Businesses Seek Redress After Chinese Plastics Trading Platform Exposes Prepayment Risks

By Michael Zhuang
Michael Zhuang
Michael Zhuang
Michael Zhuang is a contributor to The Epoch Times with a focus on China-related topics.
April 24, 2026Updated: April 24, 2026

What began as a seemingly reliable sourcing platform for China’s plastics industry has unraveled into one of the sector’s largest financial crises, leaving hundreds of companies scrambling to recover funds, according to business owners who spoke to The Epoch Times.

In recent days, business owners from across China have gathered outside offices linked to the platform, Jinsubao, demanding answers after payments allegedly stopped and deliveries failed. Many say they are no longer seeking profits, only the return of their original funds.

On April 17, hundreds of buyers from across the country gathered in Tianjin, China, where the company operates. On April 20, dozens more gathered in Shanghai.

Lu Junjie, who runs a nonwoven fabric factory in Beijing, traveled to Tianjin to join the protest. His factory, with nearly 50 employees, has been conducting business mostly with Jinsubao for nearly three years, and he described a subdued scene to The Epoch Times.

“There was no shouting or chaos,” he said. “Everyone just wants to know where the money went and when it will be repaid.”

Police and local officials were present, he said. Chinese authorities have not publicly commented, but participants were told preliminary results could take up to two months. Few are optimistic.

“The amount involved is too large. I don’t think it can be fully resolved,” Lu said. “Most companies just want their principal back. We’re not even asking for profit.”

According to its website, Jinsubao positioned itself as a big-data-driven platform connecting more than 10,000 manufacturers with logistics networks.

The platform attracted customers with below-market prices. The model came with a critical condition: full upfront payment, with delivery delayed by a month or more.

“At first it seemed like a good deal,” Lu said. “We would purchase two to three million yuan [approx. US$290,000–440,000] worth of goods every month. That was normal.”

Over time, as companies increased order volumes, large sums of capital accumulated on the platform. That structure—low prices combined with full prepayment and delayed delivery—left buyers exposed when shipments stopped, according to the business owners.

Around the Lunar New Year in February, many businesses placed large orders to stock inventory. As delivery dates approached, shipments failed to materialize.

“When the delivery date came, nothing was shipped,” Lu said. “Then, the sales staff told customers to come to the office. When we got there, we saw many others waiting. That’s when we realized deliveries had stopped entirely.”

Some customers said the platform issued written promises to deliver goods in batches, but none were fulfilled.

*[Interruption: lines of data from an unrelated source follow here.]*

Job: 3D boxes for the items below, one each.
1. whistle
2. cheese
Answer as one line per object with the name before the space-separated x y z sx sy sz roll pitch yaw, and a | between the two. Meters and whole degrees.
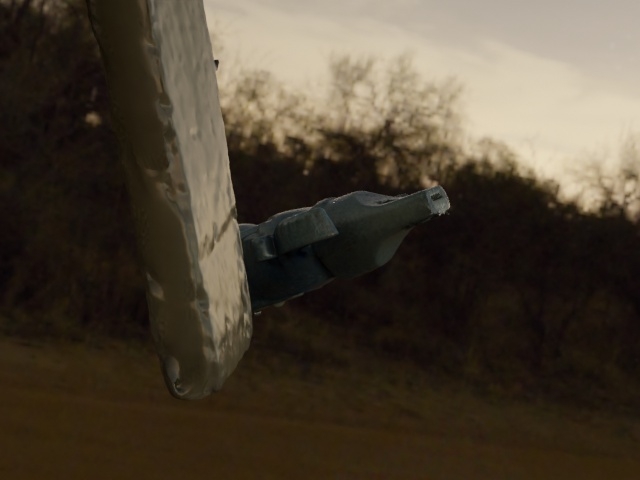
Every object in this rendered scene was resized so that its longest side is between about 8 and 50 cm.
whistle | 0.000 0.000 1.047 0.269 0.093 0.180 -22 -6 31
cheese | -0.079 -0.131 0.483 0.034 0.400 0.085 -8 6 12
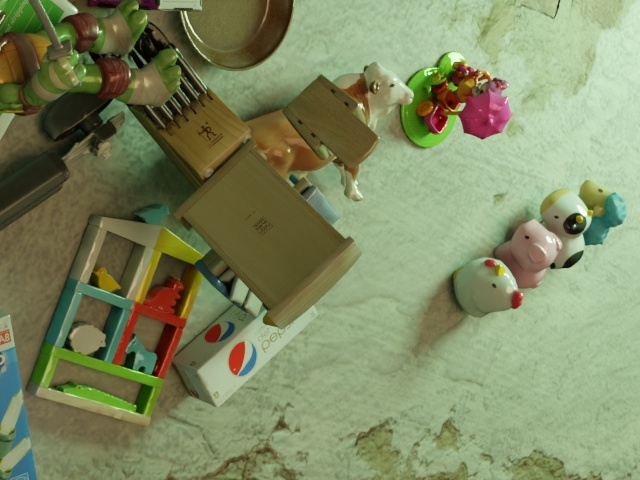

“It was just a way to buy time,” Chen Meijuan, who runs a small trading company in Zhejiang with seven employees, told The Epoch Times. “For a small factory like ours, this is like a disaster. It’s basically a year of work gone.”

The cause of the problems remains unclear, but many affected businesses point to the same explanation: failed futures trading.

The Epoch Times reached out to Jinsubao for comment but did not receive a response by publication time.

According to Lu, the platform used prepaid funds to speculate in commodities markets. Profits would have been used to purchase raw materials and fulfill orders. If trades went wrong, the company would be unable to buy goods at rising market prices.

“There are claims they lost money in futures, and at the same time, raw material prices went up,” Chen said. “They were losing on both sides.”

Chen is connected to around 500 other protesting business owners via online chat groups, and has estimated that “the total amount may exceed 2 billion yuan [$293 million].”

Ripple Effects Across Supply Chain

Lu estimates that in northern China alone, about 1 billion yuan [US$147 million] is tied up with the platform, involving roughly 70,000 tons of undelivered goods and around 150 companies.

“These funds aren’t just ours—they include deposits from our own customers,” Lu said. “If we can’t recover them, our own cash flow will break.”

The fallout is spreading beyond the alleged victims. His factory is now running at reduced capacity.

“[We’re] not making money, but we still have to keep machines running,” he said, noting that shutting down entirely could cause even greater losses due to high restart costs.

Meanwhile, raw material prices have surged, further squeezing margins.

Chen said her company has effectively halted production. Already struggling with declining export orders amid U.S.–China trade tensions, the additional losses could push some businesses into bankruptcy.

Tax complications have added to the pressure. Since many transactions were conducted through official accounts with tax included, companies now face accounting discrepancies: payments were made, but no goods or invoices were received.

As hopes of recovering shipments fade, many affected businesses have shifted their focus.

“If the money is gone, the platform must be held responsible,” Chen said.

Jinsubao’s case is not an isolated one in China.

In recent years, high-profile failures in real estate and trust products have left investors and businesses exposed. Earlier waves of peer-to-peer lending platform collapses have wiped out savings for millions.

Against that backdrop, Chen’s words capture a growing sense of frustration.

“There’s nowhere to turn,” she said. “No one is answering.”

Li Jing and Gu Xiaohua contributed to this report.